Turns out, long distance relationship wasn’t very good for my waistline…. I was last week in a bread bonanza; bread is definitely my comfort food.

 Comfort food is typically inexpensive, uncomplicated, and easy to prepare. Many people turn to comfort food for familiarity, emotional security, or as a special reward. The reasons a dish becomes a comfort food are diverse but often include pleasant associations of childhood. Small children often seem to latch on to a specific food or drink (in a way similar to a security blanket and will repeatedly request it in high stress situations). Adults eat comfort food for a sense of continuity.

And God knows last week I needed some comfort. Usually I have “one” type of bread in the house, either whole grain or multigrain, Never a simple loaf of white bread (Trying to keep some sort of figure here).

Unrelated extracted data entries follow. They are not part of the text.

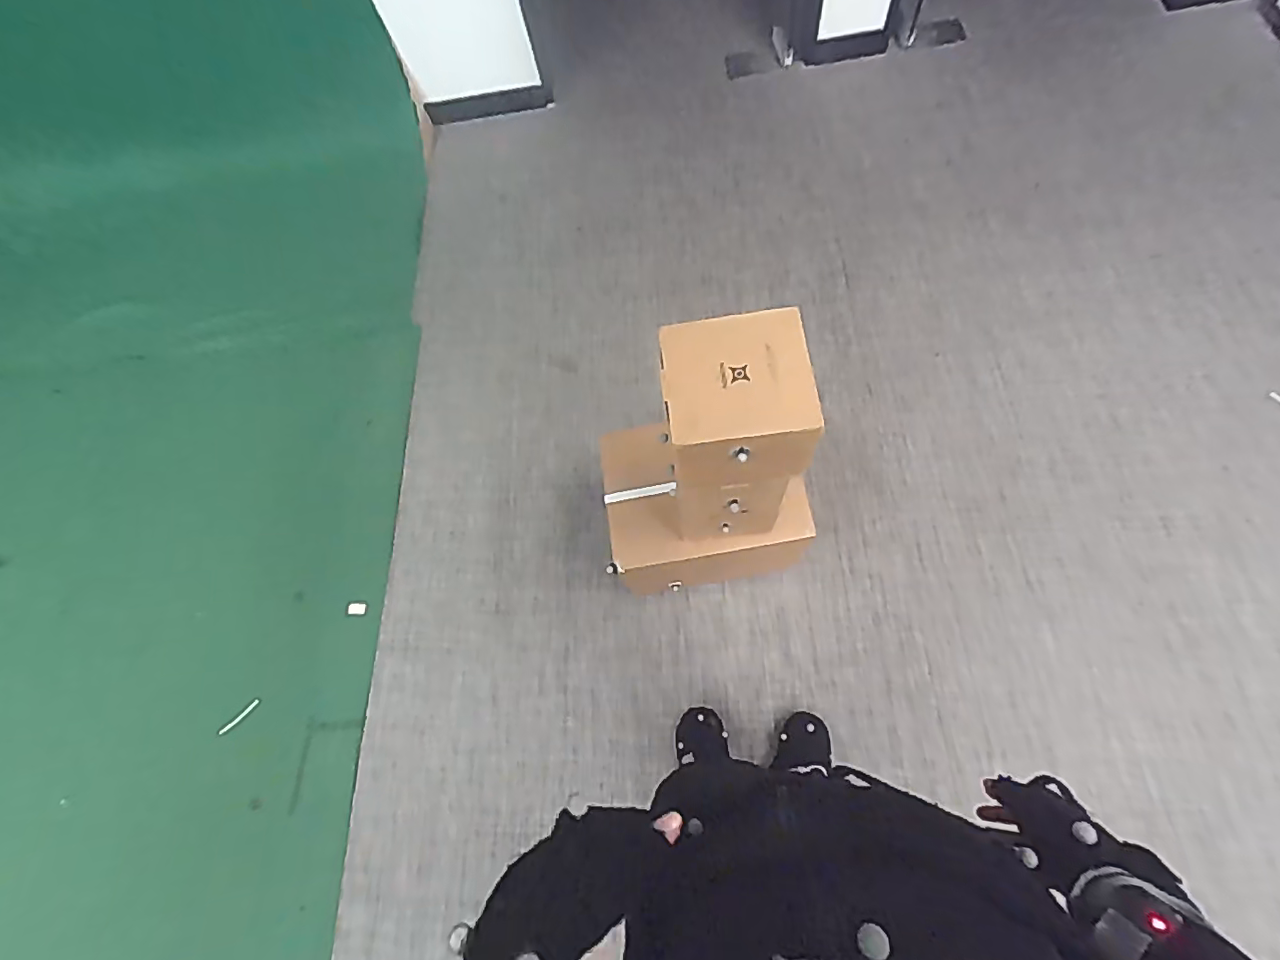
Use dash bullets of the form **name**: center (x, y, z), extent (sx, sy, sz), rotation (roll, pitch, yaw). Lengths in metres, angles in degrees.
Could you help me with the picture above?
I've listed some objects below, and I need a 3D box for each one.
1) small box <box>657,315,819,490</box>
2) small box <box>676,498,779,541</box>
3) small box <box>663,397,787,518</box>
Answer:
- **small box**: center (0.124, -0.093, 0.727), extent (0.179, 0.176, 0.168), rotation (-7, 70, 4)
- **small box**: center (0.157, 0.014, 1.033), extent (0.179, 0.176, 0.168), rotation (-6, 69, 6)
- **small box**: center (0.135, -0.042, 0.882), extent (0.168, 0.176, 0.179), rotation (-8, 69, 4)
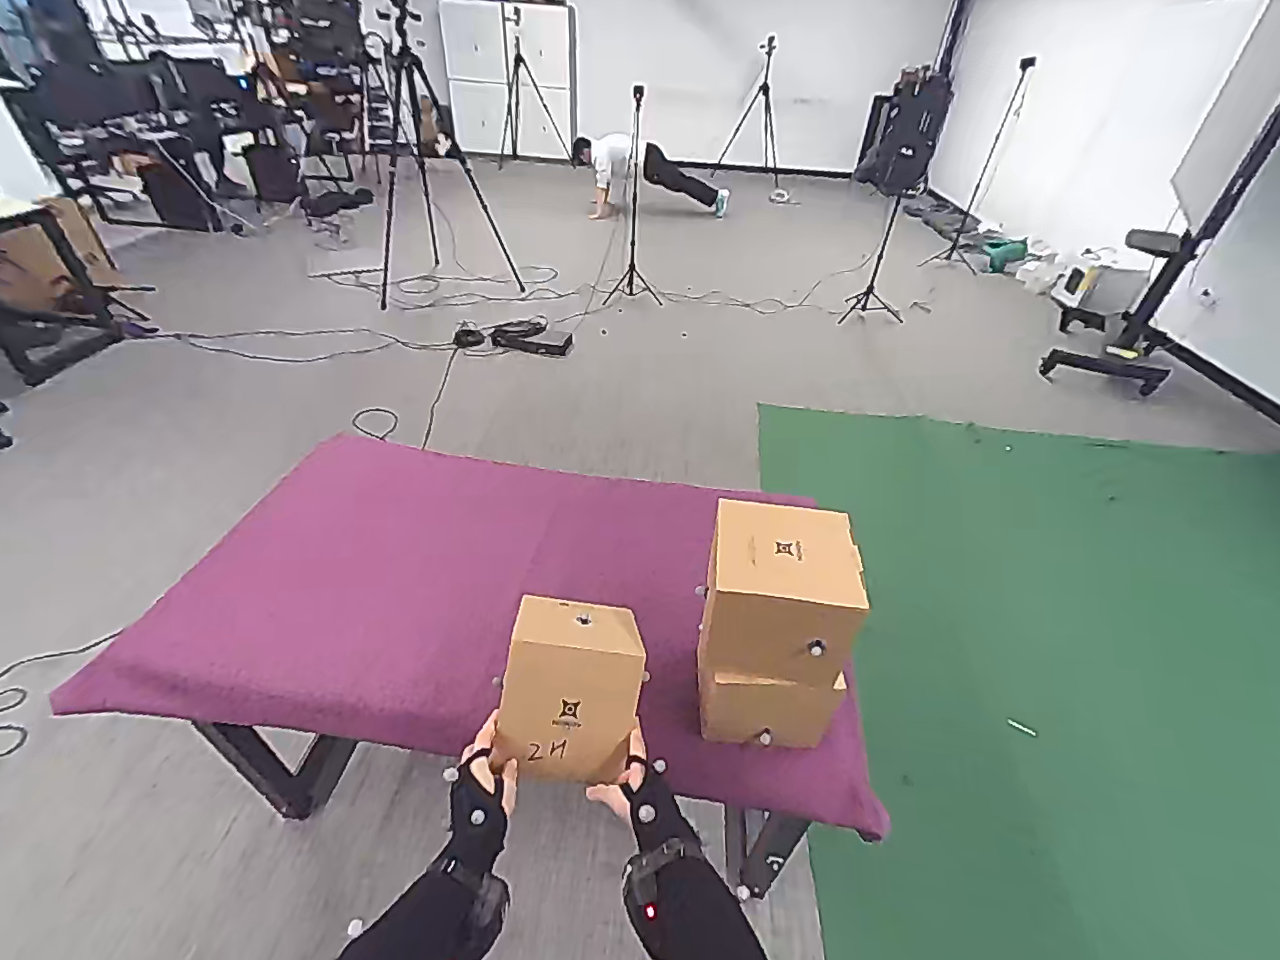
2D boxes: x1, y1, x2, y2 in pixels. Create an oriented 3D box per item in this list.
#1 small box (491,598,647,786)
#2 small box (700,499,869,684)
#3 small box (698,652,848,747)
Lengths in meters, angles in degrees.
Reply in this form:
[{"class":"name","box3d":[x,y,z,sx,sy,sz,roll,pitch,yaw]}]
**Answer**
[{"class":"small box","box3d":[-0.096,0.274,0.734,0.168,0.179,0.176,10,5,-7]},{"class":"small box","box3d":[0.181,0.149,0.721,0.179,0.176,0.168,6,39,6]},{"class":"small box","box3d":[0.186,0.283,0.816,0.179,0.176,0.168,3,39,1]}]
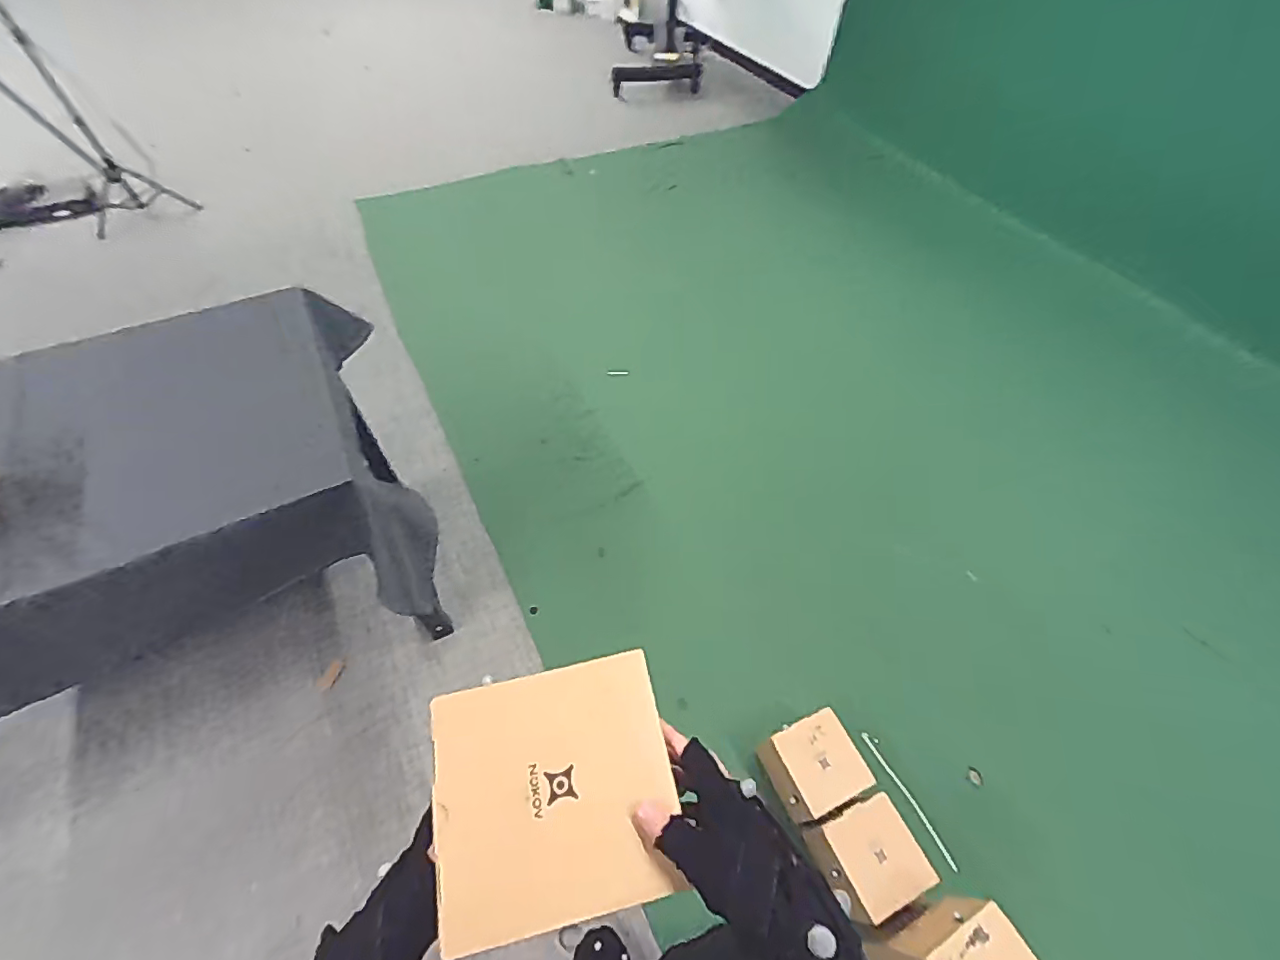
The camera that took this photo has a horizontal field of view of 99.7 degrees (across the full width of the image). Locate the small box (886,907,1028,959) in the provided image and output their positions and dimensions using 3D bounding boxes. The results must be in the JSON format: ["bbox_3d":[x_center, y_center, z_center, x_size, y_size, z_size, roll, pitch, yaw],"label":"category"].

But man! I went berserk; I had bread with raisins (they were delicious), sourdough bread, pita bread, focaccia bread, you name it… I had it. So of course in one week I became four pounds heavier. One night my dinner was olives and bread (very Mediterranean) would be great if I hadn’t top it of with a pint of chocolate ice cream. The conclusion here is: my husband is the sentinel of my sanity. Thank God he is back; if he stayed away longer, I would probably have to call 911 to break our surrounding walls in order to pull me out of my apartment. But now we are back to sensible eating, these four pounds have to go as fast as they came or else…

Salmon filet,Watercress,Fennel, and couscous. 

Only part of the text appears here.